Çöldeki çadırlar, genelde doğa ile uyumlu yerlere kurulur. Akarsu taşkınlarının yaşanacağı, rüzgâr gibi afetlerin olacağı ortamlarda çadır kurulmaz. Belirli bir ortamda çadır sayısı çok fazla olmaz. Geçici olarak çadırda yaşıyorsan, kendilerine siyasi bir birlik kurmak da doğru olmaz.
Kuru bir toprak, doğa ile sıcak bir ilişki. Aralarında dost bir yaşantı ve doğal prensiplere karşı olmayan bir yaşam biçimi. Vurmak, kırmak veya savaşmak çadır insanlarının düşünmediği konulardır. Bu insanlar, menfaat nedir bilmezler. “Az olsun benim olsun” felsefesine sahip değildirler.
Eskimolar, Avrupalıyla karşılaştıklarında, toprak için yaptıkları kavgayı bir türlü anlamamaktadırlar. Birbirlerini öldürmelerine şaşırmaktadırlar. Bölgelerinde topraklarının buz ile kaplı olmalarından memnundurlar. Toprakları kullanılmasın ararlar.
Çölde insanlar, ava gider avladıkları hayvanı birlikte temizler ve hep beraber yerler. Artan etler yine uygun yere saklanır. Tamamen adil ve insancıl bir bölüşme hâkimdir. Böylece örf ve adetlerini sürdürürler. Diğer kabilelerle iş birliği ve av ile ilgili alışveriş değişimini gerçekleştirirler. Yabani yırtıcılara tuzak kurmak, avlama konusunda beraber hayvanlarının sahasına giderler.
Çadır hayatı iptidai bir hayattır. Fakat yaşayanlar için normaldir. Çünkü daha iyisini bilmezler. Birbirlerine üstünlük kurmazlar. Bildikleri çadır hayatlarının ne azı ne de çoğu diye bir kavramları olmuştur. Hiçbir şekilde güç gösterisinde bulunmazlar. Güç bende diye bir anlayışları yoktur.
Siyasi bir birlik kurmak gibi de düşünceleri hiç olmamıştır. Silah diye zehirli okları vardır. Bu oklar hayvanın vücuduna isabet ettiği zaman, hayvan bayılır ve onu yakalarlar. Oklarına yaptıkları zehri de bitki yapraklarından elde ederler.
Düğünlerinde geleneksel halk danslarını gösterirler. Genelde şaman inancına uygun dansları vardır. Ayrıca önemli günlerde de eğlence düzenlerler. Eğlencelerinde av eti pişirirler. Beslenmeleri av etidir. Yabani meyvelerden yaptıkları suları içerler.
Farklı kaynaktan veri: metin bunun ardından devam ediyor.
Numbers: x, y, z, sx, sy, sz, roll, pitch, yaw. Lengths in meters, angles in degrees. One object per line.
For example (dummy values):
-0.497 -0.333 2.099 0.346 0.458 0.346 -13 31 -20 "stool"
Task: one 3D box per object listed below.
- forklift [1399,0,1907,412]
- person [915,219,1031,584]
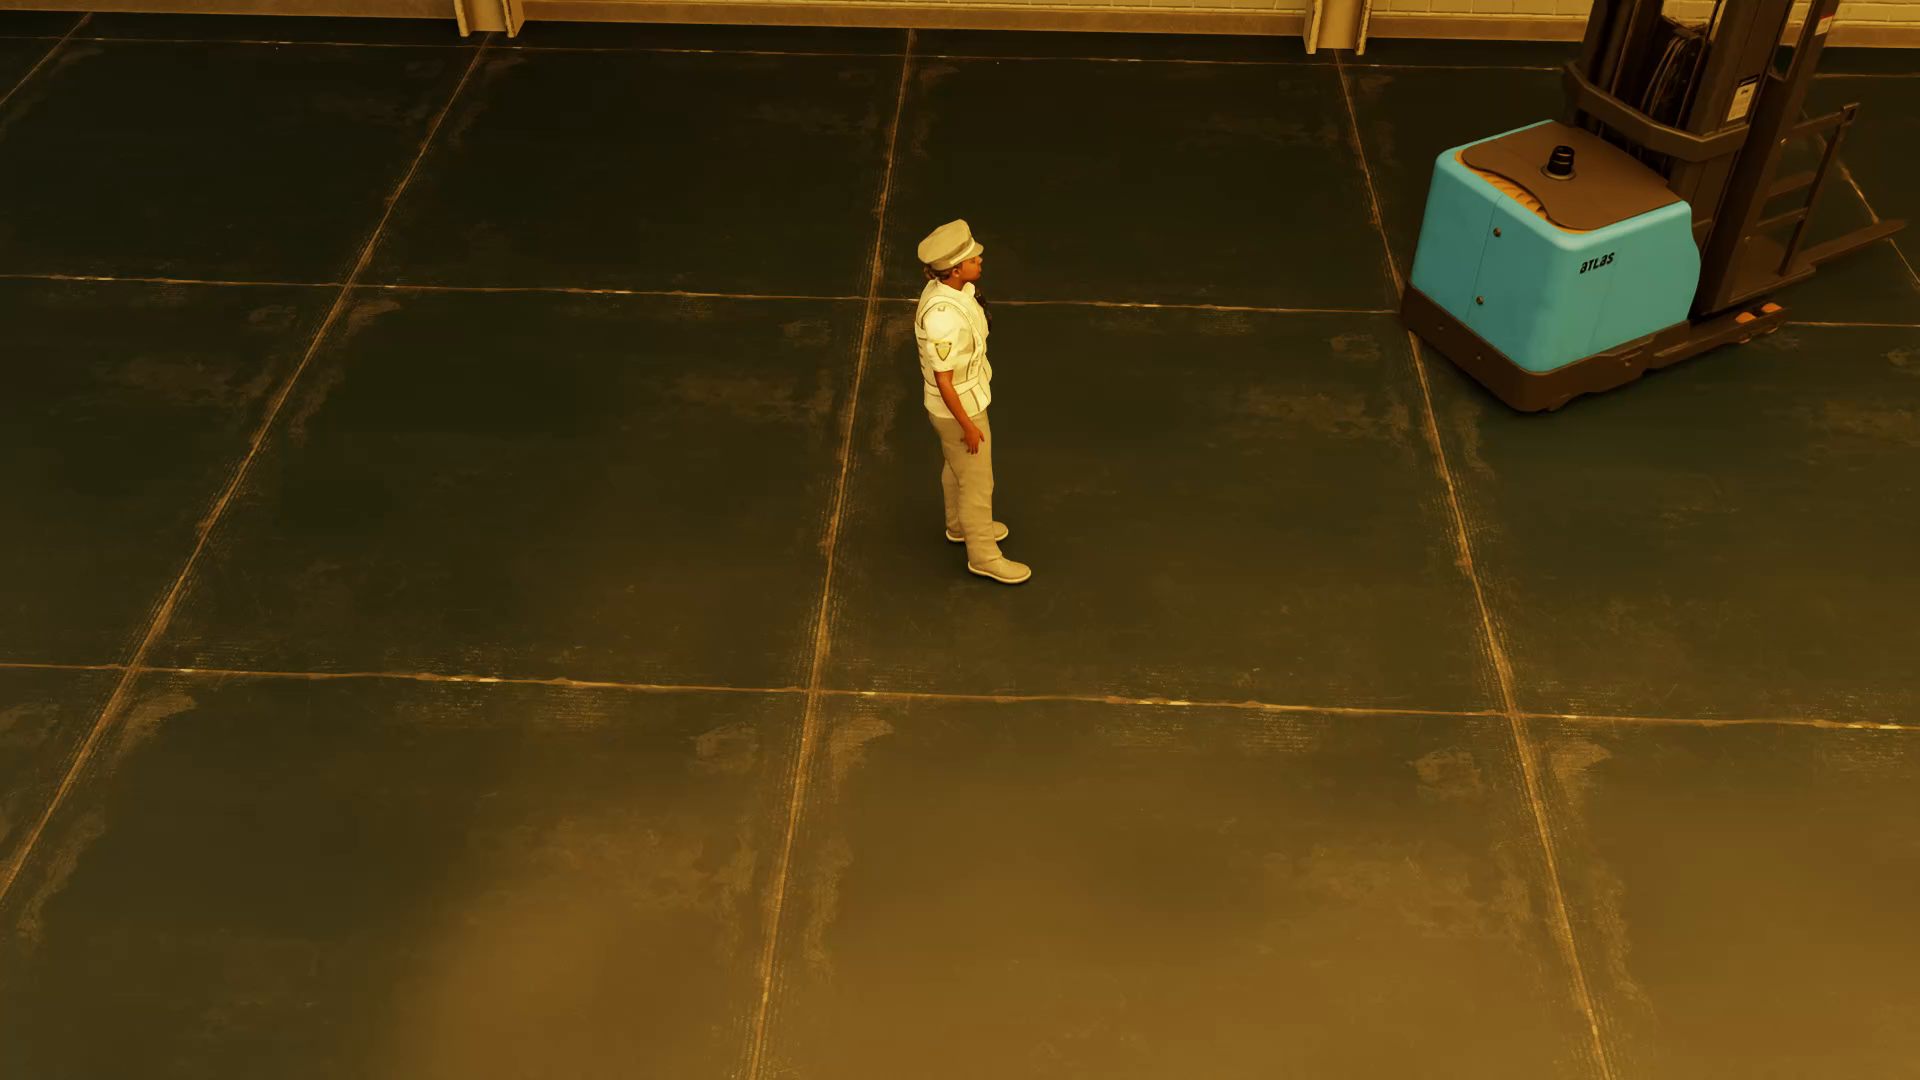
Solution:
3.964 -2.453 8.429 3.031 2.935 1.130 -20 46 -20 "forklift"
0.074 -0.616 7.323 0.528 1.695 0.569 2 42 2 "person"

Farklı gruplarla kavga durumuna düşseler, gelenekleri bozulmuş demektir. Avrupalı bizi birbirimize düşürdü diye olayın farkına varırlar.
Birbirlerinden korunmak için, av sahalarını ayırırlar. Bahçenin bölünmesi gibi, bir olayla karşılaşırlar. Küçük klan isimleri alırlar ve hayatlarına devam ederler. Eğer korktukları başka kabileler varsa, onlar için, çadırlarını koruyan bekçiler tayin ederler. Ayrıca başkan seçerler. Başkanlar kabilenin en güçlüsüdür. Toplum başkana tabii olmuştur.
Bu kabilelerde ilk önceleri başkan, din adamları ve büyücüler olmuştur. Bunlar klanının mal varlığını korumakla görevlidir. Korumak, silah gücünü doğurmuştur. Bunun sonucunda savaşlar başlamış ve silah onların vazgeçilmezi durumuna gelmiştir.
Samimiyetsiz insanlar türemiş ve ahlaksızlık almış yürümüştür. Toplumun geleneksel yapısı bozulmuştur.
Çöl çadırları da dünyanın kötü gidişatından nasibini almıştır.